New oil and gas rules are costing Garfield County in investment and industry jobs, study finds

It wasn’t exactly surprise news for Garfield County commissioners on Tuesday, but an economic impact study assessing the impacts of new oil and gas regulations in Colorado finds the county is taking a significant financial hit.

Commissioners heard findings from Wyoming consultant Timothy Considine during a working session on Tuesday.

In 2021 alone, taking into account rising costs for energy companies to comply with new state regulations, that cost was $2.8 million, including a 7% increase capital cost to drill new wells, Considine found.

For the county economy, this meant a drop in investment of $13.4 million, a drop in labor income of $6.3 million, 180 fewer jobs, and a drop in county taxes of 1.6 million, Considine said based on his modeling and calculations.

Considine owns and operates Natural Resource Economics Inc. He was hired by the county last year for $65,000 to quantify the impacts the county has seen from slowing new natural gas development in recent years.

Although part of this decline is related to global markets and lower natural gas prices, Considine said there is evidence that renewed interest in new developments as markets improve was moving away from Colorado and into neighboring states such as Utah and Wyoming.

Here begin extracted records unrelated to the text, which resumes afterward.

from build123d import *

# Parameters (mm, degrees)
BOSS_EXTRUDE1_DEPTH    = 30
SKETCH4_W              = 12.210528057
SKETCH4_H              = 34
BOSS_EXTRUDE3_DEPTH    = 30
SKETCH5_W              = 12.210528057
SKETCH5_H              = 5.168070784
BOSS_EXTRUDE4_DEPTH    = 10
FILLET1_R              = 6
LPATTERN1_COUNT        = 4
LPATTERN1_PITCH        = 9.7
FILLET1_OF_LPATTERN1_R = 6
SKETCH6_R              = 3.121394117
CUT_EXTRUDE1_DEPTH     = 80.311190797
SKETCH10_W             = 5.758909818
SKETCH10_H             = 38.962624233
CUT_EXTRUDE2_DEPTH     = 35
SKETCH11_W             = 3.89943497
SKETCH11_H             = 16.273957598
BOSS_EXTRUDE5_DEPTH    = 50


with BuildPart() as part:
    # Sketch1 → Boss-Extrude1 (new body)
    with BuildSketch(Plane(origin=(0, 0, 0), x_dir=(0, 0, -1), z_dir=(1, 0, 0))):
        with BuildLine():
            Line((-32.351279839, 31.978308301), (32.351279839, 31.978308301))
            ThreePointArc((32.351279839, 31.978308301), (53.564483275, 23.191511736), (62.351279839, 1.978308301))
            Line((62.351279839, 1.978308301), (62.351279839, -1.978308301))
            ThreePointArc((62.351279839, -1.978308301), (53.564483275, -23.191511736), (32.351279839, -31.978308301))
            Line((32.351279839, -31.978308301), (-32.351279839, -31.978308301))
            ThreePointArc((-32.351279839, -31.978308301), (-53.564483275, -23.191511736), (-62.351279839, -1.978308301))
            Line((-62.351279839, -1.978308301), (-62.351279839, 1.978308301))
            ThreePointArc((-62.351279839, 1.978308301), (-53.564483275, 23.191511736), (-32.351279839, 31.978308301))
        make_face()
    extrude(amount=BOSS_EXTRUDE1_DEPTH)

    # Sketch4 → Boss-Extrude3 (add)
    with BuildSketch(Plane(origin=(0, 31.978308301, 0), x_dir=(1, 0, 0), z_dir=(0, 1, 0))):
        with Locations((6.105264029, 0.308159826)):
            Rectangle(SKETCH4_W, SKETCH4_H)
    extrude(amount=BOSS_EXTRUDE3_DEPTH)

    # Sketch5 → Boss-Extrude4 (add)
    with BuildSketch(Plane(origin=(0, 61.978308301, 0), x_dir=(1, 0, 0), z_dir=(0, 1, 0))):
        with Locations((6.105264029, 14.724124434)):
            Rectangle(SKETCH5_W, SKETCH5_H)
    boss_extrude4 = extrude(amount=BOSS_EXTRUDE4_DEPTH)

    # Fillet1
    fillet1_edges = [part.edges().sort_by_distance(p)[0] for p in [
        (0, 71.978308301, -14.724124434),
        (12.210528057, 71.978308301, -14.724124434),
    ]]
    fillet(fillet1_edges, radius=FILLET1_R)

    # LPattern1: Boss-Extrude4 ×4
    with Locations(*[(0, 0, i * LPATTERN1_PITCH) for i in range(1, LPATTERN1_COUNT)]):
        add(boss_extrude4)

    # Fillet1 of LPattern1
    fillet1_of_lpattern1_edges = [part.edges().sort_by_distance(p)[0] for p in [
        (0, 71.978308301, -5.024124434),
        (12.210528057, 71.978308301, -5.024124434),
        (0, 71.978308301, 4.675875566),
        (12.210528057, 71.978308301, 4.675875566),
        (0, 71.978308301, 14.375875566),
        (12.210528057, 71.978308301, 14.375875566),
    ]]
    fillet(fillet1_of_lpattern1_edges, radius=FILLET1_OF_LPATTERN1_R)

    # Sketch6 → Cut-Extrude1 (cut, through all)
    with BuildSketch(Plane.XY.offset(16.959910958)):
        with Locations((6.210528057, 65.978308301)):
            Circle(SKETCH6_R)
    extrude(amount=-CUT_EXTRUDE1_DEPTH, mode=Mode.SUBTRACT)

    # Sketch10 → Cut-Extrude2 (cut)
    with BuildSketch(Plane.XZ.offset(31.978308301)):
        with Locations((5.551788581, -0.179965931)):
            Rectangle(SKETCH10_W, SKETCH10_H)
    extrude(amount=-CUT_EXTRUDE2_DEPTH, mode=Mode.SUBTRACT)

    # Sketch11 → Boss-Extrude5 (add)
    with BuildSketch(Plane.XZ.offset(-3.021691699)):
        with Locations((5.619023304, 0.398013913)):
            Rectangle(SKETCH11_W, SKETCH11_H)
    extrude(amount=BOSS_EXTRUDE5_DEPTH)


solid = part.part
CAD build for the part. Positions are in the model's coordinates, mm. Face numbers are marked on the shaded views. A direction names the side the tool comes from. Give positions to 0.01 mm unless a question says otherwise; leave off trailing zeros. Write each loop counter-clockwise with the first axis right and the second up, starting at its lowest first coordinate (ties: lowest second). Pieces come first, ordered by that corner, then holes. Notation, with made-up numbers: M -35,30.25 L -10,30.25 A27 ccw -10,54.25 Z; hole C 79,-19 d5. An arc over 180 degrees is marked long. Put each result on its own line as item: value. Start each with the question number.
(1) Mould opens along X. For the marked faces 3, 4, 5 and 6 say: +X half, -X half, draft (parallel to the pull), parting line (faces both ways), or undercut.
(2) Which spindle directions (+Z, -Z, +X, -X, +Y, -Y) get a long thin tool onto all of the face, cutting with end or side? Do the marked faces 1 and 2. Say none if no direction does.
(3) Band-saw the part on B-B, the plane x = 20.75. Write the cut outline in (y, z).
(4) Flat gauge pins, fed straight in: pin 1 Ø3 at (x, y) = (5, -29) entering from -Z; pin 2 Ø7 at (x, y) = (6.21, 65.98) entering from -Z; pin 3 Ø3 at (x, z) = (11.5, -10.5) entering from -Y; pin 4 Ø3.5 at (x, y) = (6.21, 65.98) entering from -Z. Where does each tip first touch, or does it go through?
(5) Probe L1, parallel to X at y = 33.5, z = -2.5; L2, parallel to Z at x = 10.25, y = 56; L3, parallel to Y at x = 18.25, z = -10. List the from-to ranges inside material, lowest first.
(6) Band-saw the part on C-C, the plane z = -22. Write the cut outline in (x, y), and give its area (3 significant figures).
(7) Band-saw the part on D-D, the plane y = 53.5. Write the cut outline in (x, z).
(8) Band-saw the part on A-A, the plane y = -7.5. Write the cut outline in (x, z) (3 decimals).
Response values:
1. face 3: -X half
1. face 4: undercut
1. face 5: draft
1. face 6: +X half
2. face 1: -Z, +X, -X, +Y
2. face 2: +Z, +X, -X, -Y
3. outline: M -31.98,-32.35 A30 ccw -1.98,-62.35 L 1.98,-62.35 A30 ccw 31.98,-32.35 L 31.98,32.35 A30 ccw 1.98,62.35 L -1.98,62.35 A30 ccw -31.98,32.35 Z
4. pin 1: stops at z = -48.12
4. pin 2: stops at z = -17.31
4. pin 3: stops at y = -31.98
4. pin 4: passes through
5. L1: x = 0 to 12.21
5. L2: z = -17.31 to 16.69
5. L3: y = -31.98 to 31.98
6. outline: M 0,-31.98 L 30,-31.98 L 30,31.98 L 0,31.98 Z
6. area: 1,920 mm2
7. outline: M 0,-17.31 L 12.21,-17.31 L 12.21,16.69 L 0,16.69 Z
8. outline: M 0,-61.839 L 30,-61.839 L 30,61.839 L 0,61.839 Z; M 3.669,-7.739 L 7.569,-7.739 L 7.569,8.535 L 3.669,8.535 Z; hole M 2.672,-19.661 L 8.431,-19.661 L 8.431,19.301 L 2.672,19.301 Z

This is likely related to the increased costs of doing business in Colorado due to new regulations resulting from Senate Bill 19-181, he said.

The landmark legislation shifted the focus of the Colorado Oil and Gas Conservation Commission from “promoting” oil and gas development in the state to environmental regulation and protection.

Several new regulations related to oil and gas operations, ranging from new air quality standards to a 2,000 foot setback for well pads and other facilities in occupied buildings, have been put in place through a long rule-making process. This process continues.

Considine said the county can expect cumulative declines in the coming years.

“It’s not surprising, but it’s nice to see what the numbers are,” said commissioner Tom Jankovsky. “The result of these regulations is that Colorado is not as attractive an investment as, say, Utah.”

Because the new 2,000-foot setback has yet to be widely implemented, there are future implications for Garfield County, Jankovsky added.

The county estimates that 40% of its existing wells are within this setback distance, meaning those same well pads could not be used to drill into the deeper Niobrara formation, where the ‘we know that there are vast reserves of natural gas, he said.

The findings were also not surprising to Leslie Robinson, who chairs the Grand Valley Citizens Alliance, one of several groups that have lobbied for stricter regulation of the industry.

“Garfield County will not accept any outcome contrary to its own oil and gas policy,” she said. “We know from the outset with these studies that they will be biased to support oil and gas.”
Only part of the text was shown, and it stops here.